- Data extracted from a collection

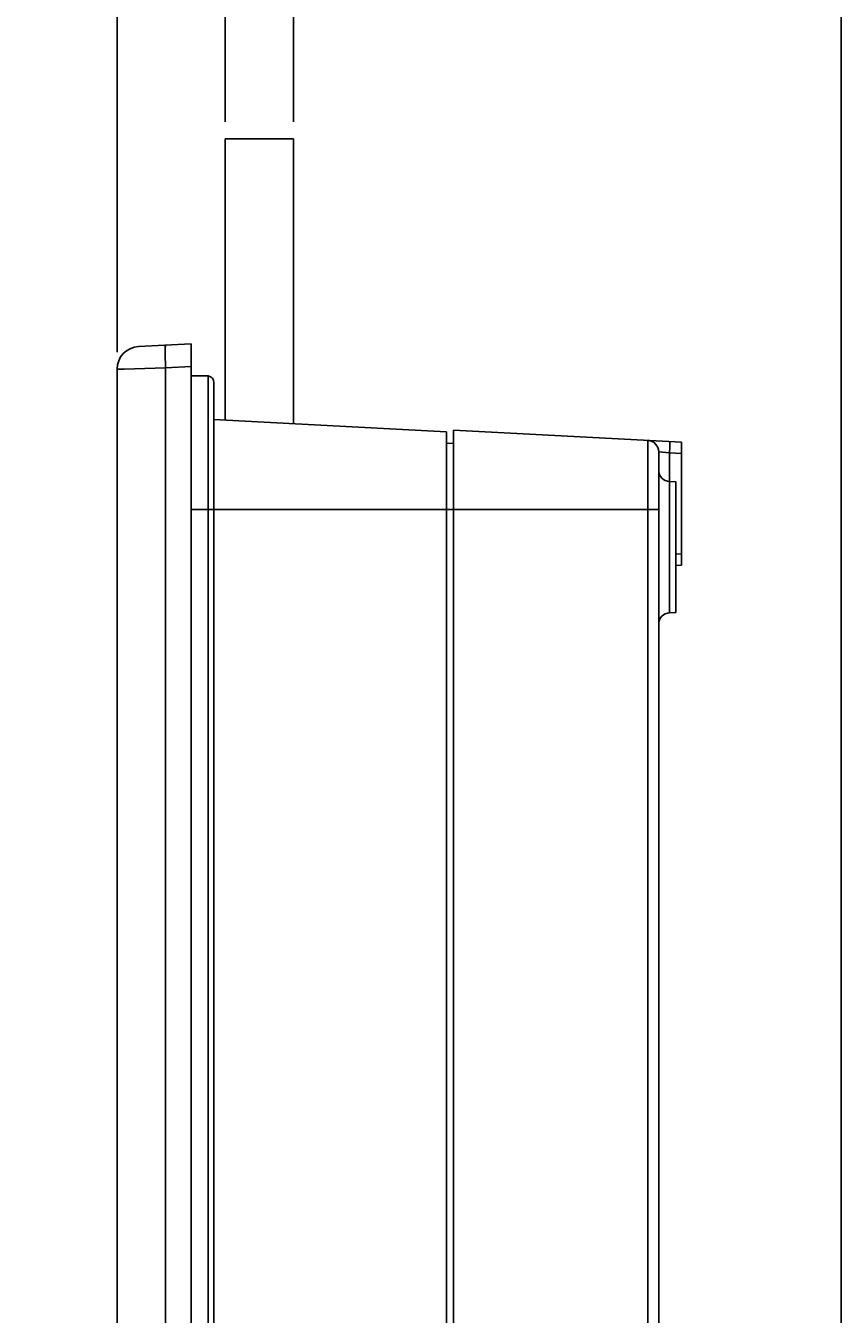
# Model space of a CAD drawing. Extents: x 0 to 1189, y 0 to 841.
# Tile 34 of 36: x 786 to 857, y 420 to 533. Entities that reach past the tile are written whole.
import ezdxf
from ezdxf.enums import TextEntityAlignment as Align

# ---------------------------------------------------------------- set-up
doc = ezdxf.new("R2010")
doc.units = 0
doc.header["$LTSCALE"] = 65.395
doc.header["$MEASUREMENT"] = 0
doc.layers.get('0').update_dxf_attribs({"linetype": 'CONTINUOUS'})
doc.layers.add('7_ALL_FEATURES', color=7, linetype='CONTINUOUS')
doc.styles.add('TEXTSTYLE_2', font='arial.ttf')
doc.dimstyles.get("Standard").update_dxf_attribs({"dimtxt": 0.18, "dimasz": 0.18, "dimexe": 0.18, "dimexo": 0.0625, "dimgap": 0.09, "dimtad": 0, "dimtih": 1, "dimtoh": 1, "dimdec": 4, "dimzin": 0, "dimdsep": 46, "dimtxsty": 'Standard', "dimcen": 0.09, "dimadec": 0, "dimazin": 0, "dimtfac": 1, "dimtdec": 4, "dimtofl": 0, "dimtmove": 0, "dimatfit": 3, "dimfxl": 1, "dimtolj": 1, "dimtzin": 0, "dimarcsym": 0})

# ---------------------------------------------------------------- blocks, each defined once
blk = doc.blocks.new('_FILLED')
at = {"color": 0, "linetype": 'ByBlock'}
blk.add_solid([(0, 0), (-1, 0.167), (-1, -0.167)], dxfattribs=at)
blk = doc.blocks.new('*D5')
at = {"color": 2, "linetype": 'Continuous'}
for p, q in [((803.24, 524.85), (803.24, 581.53)), ((809.24, 524.85), (809.24, 581.53)), ((803.24, 579.53), (795.24, 579.53)), ((795.24, 579.53), (806.24, 579.53)), ((832.78, 579.53), (806.24, 579.53)), ((809.24, 579.53), (832.78, 579.53))]:
    blk.add_line(p, q, dxfattribs=at)
at = {"color": 2, "linetype": 'Continuous', "xscale": 4.76, "yscale": 4.76, "zscale": 4.76}
blk.add_blockref('_FILLED', (803.24, 579.53), dxfattribs=at)
at = {"color": 2, "linetype": 'Continuous', "xscale": 4.76, "yscale": 4.76, "zscale": 4.76, "rotation": 180}
blk.add_blockref('_FILLED', (809.24, 579.53), dxfattribs=at)
at = {"color": 2, "linetype": 'Continuous', "style": 'TEXTSTYLE_2'}
blk.add_text('T', height=10, dxfattribs=at).set_placement((824.27, 582.03))
blk = doc.blocks.new('*D6')
at = {"color": 2, "linetype": 'Continuous'}
for p, q in [((793.77, 504.63), (793.77, 627.81)), ((857.27, 338.31), (857.27, 627.81)), ((793.77, 625.81), (825.52, 625.81)), ((857.27, 625.81), (825.52, 625.81))]:
    blk.add_line(p, q, dxfattribs=at)
at = {"color": 2, "linetype": 'Continuous', "xscale": 4.76, "yscale": 4.76, "zscale": 4.76, "rotation": 180}
blk.add_blockref('_FILLED', (793.77, 625.81), dxfattribs=at)
at = {"color": 2, "linetype": 'Continuous', "xscale": 4.76, "yscale": 4.76, "zscale": 4.76}
blk.add_blockref('_FILLED', (857.27, 625.81), dxfattribs=at)
at = {"color": 2, "linetype": 'Continuous', "style": 'TEXTSTYLE_2'}
blk.add_text('63.5', height=10, dxfattribs=at).set_placement((825.52, 628.31), align=Align.CENTER)
blk = doc.blocks.new('*D7')
at = {"color": 2, "linetype": 'Continuous'}
for p, q in [((793.77, 504.63), (793.77, 605.12)), ((803.24, 524.85), (803.24, 605.12)), ((793.77, 603.12), (785.77, 603.12)), ((785.77, 603.12), (798.5, 603.12)), ((837.8, 603.12), (798.5, 603.12)), ((803.24, 603.12), (837.8, 603.12))]:
    blk.add_line(p, q, dxfattribs=at)
at = {"color": 2, "linetype": 'Continuous', "xscale": 4.76, "yscale": 4.76, "zscale": 4.76}
blk.add_blockref('_FILLED', (793.77, 603.12), dxfattribs=at)
at = {"color": 2, "linetype": 'Continuous', "xscale": 4.76, "yscale": 4.76, "zscale": 4.76, "rotation": 180}
blk.add_blockref('_FILLED', (803.24, 603.12), dxfattribs=at)
at = {"color": 2, "linetype": 'Continuous', "style": 'TEXTSTYLE_2'}
blk.add_text('9.5', height=10, dxfattribs=at).set_placement((818.4, 605.62))

msp = doc.modelspace()

# ---------------------------------------------------------------- linework, layer by layer
at = {"color": 7, "linetype": 'Continuous'}
for p, q in [((803.23895, 523.34606), (809.23895, 523.34606)), ((803.23895, 498.71887), (803.23895, 523.34606)), ((809.23895, 498.40442), (809.23895, 523.34606))]:
    msp.add_line(p, q, dxfattribs=at)
at = {"layer": '7_ALL_FEATURES', "color": 7, "linetype": 'Continuous'}
for p, q in [((800.26895, 505.36434), (795.66428, 505.12302)), ((800.26895, 209.68304), (800.26895, 505.36434)), ((793.7849, 503.12639), (793.76895, 503.12576)), ((793.76895, 211.92162), (793.76895, 503.12576)), ((798.03344, 503.24992), (794.39858, 503.14405)), ((800.26895, 503.36708), (798.03344, 503.24992)), ((798.03344, 211.79745), (798.03344, 503.24992)), ((801.76895, 502.5438), (800.26895, 502.5438)), ((801.76895, 502.5438), (801.76895, 212.50357)), ((802.26895, 501.95219), (802.26895, 213.09518)), ((802.26895, 498.71887), (822.66936, 497.64973)), ((822.66936, 217.39764), (822.66936, 497.64973)), ((823.26895, 217.27184), (823.26895, 497.77553)), ((823.26895, 497.77553), (843.26895, 496.72738)), ((822.66936, 496.64973), (823.26402, 496.61857)), ((840.32129, 490.82369), (840.32129, 496.88186)), ((843.26895, 496.72738), (843.26895, 485.93678)), ((841.26895, 366.87747), (841.26895, 495.88323)), ((842.21662, 495.7839), (842.21662, 481.76854)), ((842.21662, 495.7839), (843.26895, 495.72875)), ((842.21662, 493.27884), (842.76895, 493.24989)), ((842.76895, 493.24989), (842.76895, 481.79748)), ((800.26895, 490.82369), (841.26895, 490.82369)), ((840.32245, 366.97537), (840.32129, 490.82369)), ((843.26895, 486.93541), (842.76895, 486.9092)), ((843.26895, 485.93678), (842.76895, 485.91057)), ((842.21662, 481.76854), (842.76895, 481.79748))]:
    msp.add_line(p, q, dxfattribs=at)
for points in [[(798.03344, 503.24992), (798.02073, 503.51018), (798.01002, 503.766), (798.0015, 504.01302), (797.9953, 504.24703), (797.99155, 504.46402), (797.99029, 504.66032), (797.99155, 504.83256), (797.99531, 504.97781), (798.0015, 505.0936), (798.01002, 505.17796), (798.02073, 505.22944), (798.03344, 505.24718)], [(794.39858, 503.14405), (793.90233, 503.12964), (793.7849, 503.12639)], [(842.21662, 496.78253), (842.22487, 496.76693), (842.23129, 496.72158), (842.23568, 496.64783), (842.23791, 496.54792), (842.23791, 496.42487), (842.23568, 496.28242), (842.23129, 496.12488), (842.22487, 495.95701), (842.21662, 495.7839)], [(841.26895, 495.88387), (841.2741, 495.88292), (841.28916, 495.88115), (842.21662, 495.7839)]]:
    msp.add_lwpolyline(points, dxfattribs=at)
for centre, radius, start, end in [((795.76895, 503.12576), 2, 93, 180), ((801.66895, 501.95219), 0.6, 0, 80.4059318), ((840.26895, 495.88323), 1, 0, 87), ((842.26895, 494.27747), 1, 180, 267), ((842.26895, 480.76991), 1, 93, 180)]:
    msp.add_arc(centre, radius, start, end, dxfattribs=at)

# ---------------------------------------------------------------- dimensions: what is measured, and where the dimension line sits
at = {"color": 2, "linetype": 'Continuous'}
for base, p1, p2, picture, middle in [((857.26895, 625.80642), (793.76895, 503.12576), (857.26895, 336.81148), '*D6', (825.51895, 625.80642)), ((809.23895, 579.52799), (803.23895, 523.34606), (809.23895, 523.34606), '*D5', (828.52273, 579.52799))]:
    dim = msp.add_linear_dim(base=base, p1=p1, p2=p2, dimstyle='Standard', dxfattribs=at)
    dim.commit()
    dim.dimension.update_dxf_attribs({"geometry": picture, "text_midpoint": middle, "dimtype": 128})
dim = msp.add_linear_dim(base=(793.76895, 603.12428), p1=(803.23895, 523.34606), p2=(793.76895, 503.12576), angle=180, dimstyle='Standard', dxfattribs=at)
dim.commit()
dim.dimension.update_dxf_attribs({"geometry": '*D7', "text_midpoint": (828.10236, 603.12428), "dimtype": 128})

doc.saveas('drawing.dxf')
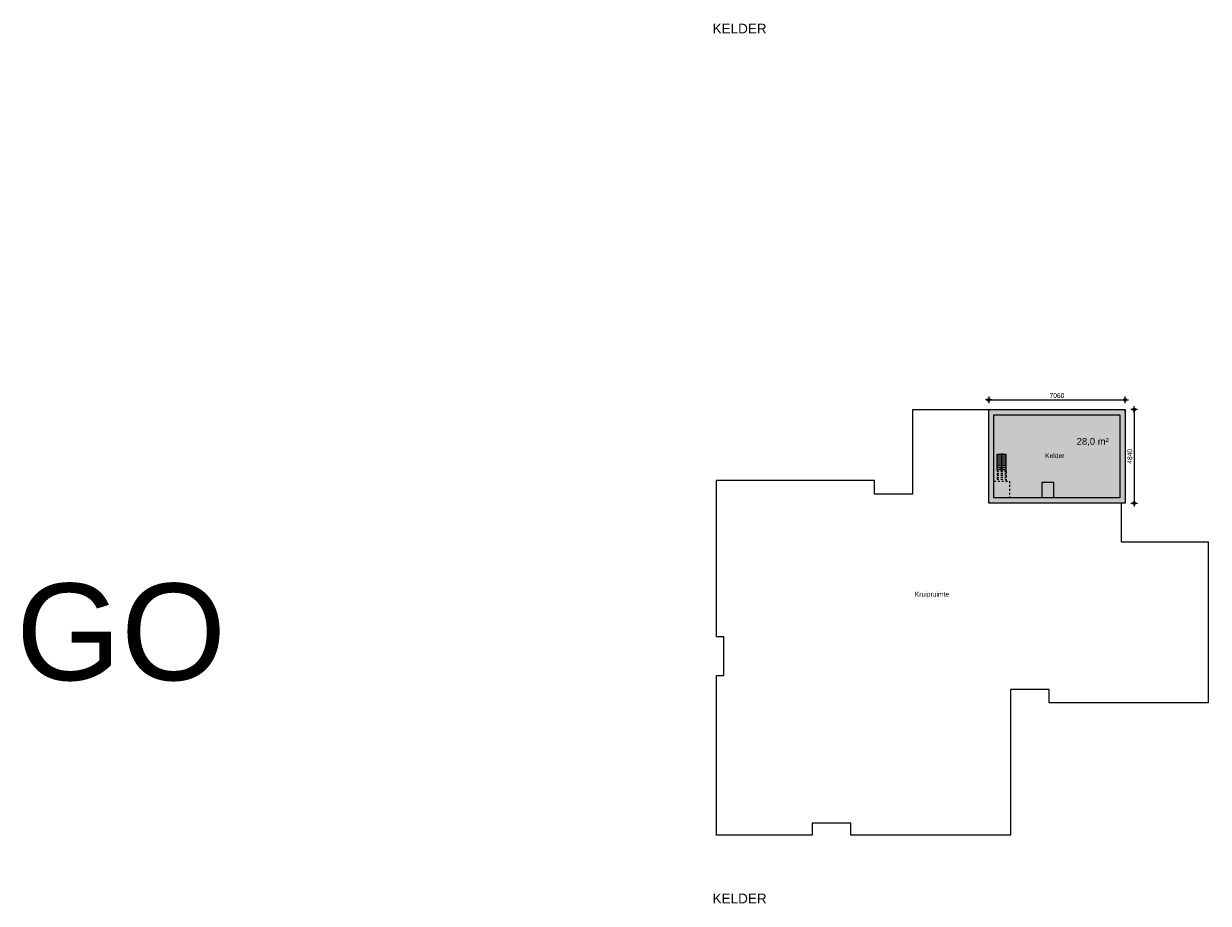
# Model space of a CAD drawing. Header units: millimetres. Extents: x 19739 to 200370, y 9101 to 232948.
# Tile 7 of 39: x 20128 to 81413, y 71019 to 116519. Entities that reach past the tile are written whole.
import ezdxf

# ---------------------------------------------------------------- set-up
doc = ezdxf.new("R2010")
doc.units = ezdxf.units.MM
doc.header["$LTSCALE"] = 100
doc.linetypes.add('HIDDEN1', pattern=[2, 1, -1])
for name, color, linetype in [('_TEKST', 7, 'Continuous'), ('ALG18', 1, 'Continuous'), ('BET25', 2, 'Continuous'), ('GO Gebruiksoppervlakte', 71, 'Continuous'), ('INRICHTING', 1, 'Continuous'), ('KOZ25', 2, 'Continuous'), ('MAAT', 1, 'Continuous'), ('MET18', 1, 'Continuous'), ('STIP18', 1, 'HIDDEN1')]:
    doc.layers.add(name, color=color, linetype=linetype)
doc.layers.add('HULP', color=7, linetype='Continuous', plot=False)
doc.styles.add('Arial', font='ARIAL.TTF')
doc.styles.add('Standaard', font='ARIAL.TTF')
doc.styles.add('TSFONT', font='tsfont.shx')
doc.dimstyles.new('MS-100', dxfattribs={"dimscale": 100, "dimtxt": 2.5, "dimasz": 1, "dimexe": 2, "dimexo": 3, "dimgap": 1, "dimtad": 1, "dimdec": 0, "dimzin": 1, "dimdsep": 46, "dimtxsty": 'TSFONT', "dimblk": 'CIRKEL', "dimcen": 1, "dimse1": 1, "dimse2": 1, "dimclrd": 1, "dimclre": 1, "dimclrt": 3, "dimadec": 0, "dimazin": 0, "dimtfac": 1.2, "dimtdec": 0, "dimtix": 1, "dimtmove": 2, "dimatfit": 3, "dimldrblk": 'CIRKEL', "dimfxl": 0, "dimtolj": 1, "dimtzin": 1, "dimarcsym": 0})

# ---------------------------------------------------------------- blocks, each defined once
blk = doc.blocks.new('kelder')
at = {"layer": 'INRICHTING'}
h = blk.add_hatch(color=256, dxfattribs=at)
h.paths.add_polyline_path([(-29115, 11537), (-29140, 11537, 0.414214), (-29115, 11512)])
h.paths.add_polyline_path([(-29115, 11537), (-29115, 11512, 0.414214), (-29090, 11537)])
h.paths.add_polyline_path([(-29090, 11537, 1), (-29140, 11537)])
h = blk.add_hatch(color=256, dxfattribs=at)
h.paths.add_polyline_path([(-29115, 10687), (-29089, 10787), (-29141, 10787)])
h.paths.add_polyline_path([(-29089, 10787), (-29075, 10839), (-29154, 10839), (-29141, 10787)])
at = {"layer": 'KOZ25'}
h = blk.add_hatch(dxfattribs=at)
h.set_pattern_fill('AR-CONC', color=256, style=0)
h.set_pattern_definition([(50, (-29784.97, 9001.57), (182.1847, -15.939), [19.05, -209.55]), (355, (-29784.97, 9001.57), (-35.243, 191.0566), [15.24, -167.64]), (100.451, (-29769.78, 9000.25), (146.9425, 175.1167), [16.19, -178.09]), (46.1842, (-29784.97, 9052.37), (271.079, -42.0423), [28.575, -314.325]), (96.6356, (-29762.38, 9048.87), (237.404, 247.4256), [24.285, -267.135]), (351.184, (-29784.97, 9052.37), (237.405, 247.425), [22.86, -251.46]), (21, (-29759.57, 9039.67), (151.615, -102.2655), [19.05, -209.55]), (326, (-29759.57, 9039.67), (61.802, 184.188), [15.24, -167.64]), (71.4514, (-29746.93, 9031.15), (213.4165, 81.923), [16.19, -178.09]), (37.5, (-29784.966, 9001.574), (3.0886, 84.55504), [0, -165.608, 0, -170.18, 0, -168.275]), (7.5, (-29784.97, 9001.57), (66.8197, 100.1806), [0, -97.028, 0, -161.798, 0, -64.135]), (327.5, (-29841.61, 9001.574), (135.5906, -5.72874), [0, -63.5, 0, -198.12, 0, -262.89]), (317.5, (-29867.01, 9001.57), (148.1292, 25.4265), [0, -82.55, 0, -131.572, 0, -186.69])])
h.paths.add_polyline_path([(-22725, 9002), (-22725, 13842), (-29785, 13842), (-29785, 9002)])
h.paths.add_polyline_path([(-26411, 9272), (-26411, 10074), (-27031, 10074), (-27031, 9272), (-29515, 9272), (-29515, 13572), (-22995, 13572), (-22995, 9272)], flags=16)
at = {"layer": 'BET25'}
for points in [[(-29785, 13842), (-29785, 13842), (-22725, 13842), (-22725, 9002), (-29785, 9002), (-29785, 13842)], [(-29515, 13572), (-22995, 13572), (-22995, 9272), (-26411, 9272), (-26411, 10074), (-27031, 10074), (-27031, 9272), (-29515, 9272), (-29515, 13572)]]:
    blk.add_lwpolyline(points, close=True, dxfattribs=at)
at = {"layer": 'INRICHTING'}
for p, q in [((-29355, 11537), (-28875, 11537)), ((-29355, 10737), (-29355, 11537)), ((-29355, 11437), (-28875, 11437)), ((-29355, 11337), (-28875, 11337)), ((-29355, 11237), (-28875, 11237)), ((-29355, 11137), (-28875, 11137)), ((-29355, 11037), (-28875, 11037)), ((-29115, 10837), (-29115, 11537)), ((-28875, 10637), (-28875, 11537)), ((-29355, 10937), (-28875, 10937)), ((-29355, 10837), (-28875, 10837)), ((-29355, 10737), (-28875, 10737)), ((-29115, 10687), (-29154, 10839)), ((-29115, 10687), (-29075, 10839))]:
    blk.add_line(p, q, dxfattribs=at)
blk.add_lwpolyline([(-33715, 13842), (-22725, 13842), (-22725, 9002), (-22925, 9002), (-22925, 7002), (-18425, 7002), (-18425, -1338), (-26655, -1338), (-26655, -638), (-28655, -638), (-28655, -8174), (-36915, -8174), (-36915, -7564), (-38915, -7564), (-38915, -8174), (-43865, -8174), (-43865, 76), (-43485, 76), (-43485, 2076), (-43865, 2076), (-43865, 10186), (-35715, 10186), (-35715, 9476), (-33715, 9476)], close=True, dxfattribs=at)
blk.add_circle((-29115, 11537), 25, dxfattribs=at)
at = {"layer": 'KOZ25'}
blk.add_lwpolyline([(-22995, 9272), (-26411, 9272), (-26411, 10074), (-27031, 10074), (-27031, 9272), (-29515, 9272), (-29515, 13572), (-22995, 13572), (-22995, 9272)], dxfattribs=at)
at = {"layer": 'MET18'}
blk.add_line((-22725, 13707), (-22725, 13842), dxfattribs=at)
at = {"layer": 'STIP18'}
for p, q in [((-28875, 10637), (-29355, 10737)), ((-29355, 10737), (-29355, 10137)), ((-29355, 10637), (-28875, 10637)), ((-29355, 10537), (-28875, 10537)), ((-29355, 10437), (-28875, 10437)), ((-28875, 10637), (-28875, 10137)), ((-29515, 10137), (-28715, 10137)), ((-29355, 10337), (-28875, 10337)), ((-29355, 10237), (-28875, 10237)), ((-28715, 10137), (-28715, 9272))]:
    blk.add_line(p, q, dxfattribs=at)
at = {"layer": 'KOZ25', "char_height": 250, "width": 771.34, "attachment_point": 1, "style": 'Arial'}
for s, insert in [('Kelder', (-26870, 11583)), ('Kruipruimte', (-33613, 4414))]:
    blk.add_mtext(s, dxfattribs=dict(at, insert=insert))
blk = doc.blocks.new('CIRKEL')
for p, q in [((-1.75, 0), (1.75, 0)), ((0, -1.75), (0, 1.75))]:
    blk.add_line(p, q)
blk.add_circle((0, 0), 0.75)
blk = doc.blocks.new('*D250')
at = {"layer": 'Defpoints', "color": 0}
for p in [(77113, 97059), (70053, 96562), (77113, 96562)]:
    blk.add_point(p, dxfattribs=at)
at = {"layer": 'MAAT', "color": 1, "lineweight": -2}
blk.add_line((70153, 97059), (77013, 97059), dxfattribs=at)
at = {"layer": 'MAAT', "color": 1, "lineweight": -2, "xscale": 100, "yscale": 100, "zscale": 100, "rotation": 180}
blk.add_blockref('CIRKEL', (70053, 97059), dxfattribs=at)
at = {"layer": 'MAAT', "color": 1, "lineweight": -2, "xscale": 100, "yscale": 100, "zscale": 100}
blk.add_blockref('CIRKEL', (77113, 97059), dxfattribs=at)
at = {"layer": 'MAAT', "color": 3, "insert": (73583, 97284), "char_height": 250, "attachment_point": 5, "style": 'TSFONT'}
blk.add_mtext('\\A1;7060', dxfattribs=at)
blk = doc.blocks.new('*D251')
at = {"layer": 'Defpoints', "color": 0}
for p in [(77113, 96562), (77113, 91722), (77577, 91722)]:
    blk.add_point(p, dxfattribs=at)
at = {"layer": 'MAAT', "color": 1, "lineweight": -2}
blk.add_line((77577, 96462), (77577, 91822), dxfattribs=at)
at = {"layer": 'MAAT', "color": 1, "lineweight": -2, "xscale": 100, "yscale": 100, "zscale": 100}
for p, rotation in [((77577, 96562), 90), ((77577, 91722), 270)]:
    blk.add_blockref('CIRKEL', p, dxfattribs=dict(at, rotation=rotation))
at = {"layer": 'MAAT', "color": 3, "insert": (77352, 94142), "char_height": 250, "attachment_point": 5, "rotation": 90, "style": 'TSFONT'}
blk.add_mtext('\\A1;4840', dxfattribs=at)

msp = doc.modelspace()

# ---------------------------------------------------------------- hatches: boundary and pattern name
at = {"layer": 'GO Gebruiksoppervlakte'}
msp.add_hatch(color=256, dxfattribs=at).paths.add_polyline_path([(70322.8, 96292.1), (76842.8, 96292.1), (76842.8, 91992.1), (73426.8, 91992.1), (72806.8, 91992.1), (70322.8, 91992.1)])

# ---------------------------------------------------------------- linework, layer by layer
at = {"layer": 'HULP'}
msp.add_lwpolyline([(70322.8, 96292.1), (76842.8, 96292.1), (76842.8, 91992.1), (73426.8, 91992.1), (73426.8, 91992.1), (72806.8, 91992.1), (72806.8, 91992.1), (70322.8, 91992.1)], close=True, dxfattribs=at)

# ---------------------------------------------------------------- block references
at = {"layer": 'ALG18'}
msp.add_blockref('kelder', (99837.7, 82720.5), dxfattribs=at)

# ---------------------------------------------------------------- texts
at = {"layer": '_TEKST', "style": 'Standaard'}
msp.add_text('28,0 m²', height=350, dxfattribs=at).set_placement((74602.6, 94739.3))
at = {"layer": 'ALG18', "style": 'Arial'}
msp.add_text('GO', height=5000, dxfattribs=at).set_placement((19732.3, 82560.6))
at = {"layer": 'KOZ25', "style": 'Arial'}
for p in [(55767.3, 116019.1), (55767.3, 71019.1)]:
    msp.add_text('KELDER', height=500, dxfattribs=at).set_placement(p)

# ---------------------------------------------------------------- dimensions: what is measured, and where the dimension line sits
at = {"layer": 'MAAT'}
dim = msp.add_linear_dim(base=(77112.8, 97058.5), p1=(70052.8, 96562.1), p2=(77112.8, 96562.1), dimstyle='MS-100', dxfattribs=at)
dim.commit()
dim.dimension.update_dxf_attribs({"geometry": '*D250', "text_midpoint": (73582.8, 97283.5)})
dim = msp.add_linear_dim(base=(77576.8, 91722.1), p1=(77112.8, 96562.1), p2=(77112.8, 91722.1), angle=90, dimstyle='MS-100', dxfattribs=at)
dim.commit()
dim.dimension.update_dxf_attribs({"geometry": '*D251', "text_midpoint": (77351.8, 94142.1)})

doc.saveas('drawing.dxf')

- EXERCISE BRIEF
Repeat the records above exactly, from the first line through the line containing "from ezdxf.enums import", and leave out the pictures.

- EXERCISE RESPONSE
# Model space of a CAD drawing. Extents: x 0 to 1189, y 0 to 841.
# Tile 34 of 36: x 786 to 857, y 420 to 533. Entities that reach past the tile are written whole.
import ezdxf
from ezdxf.enums import TextEntityAlignment as Align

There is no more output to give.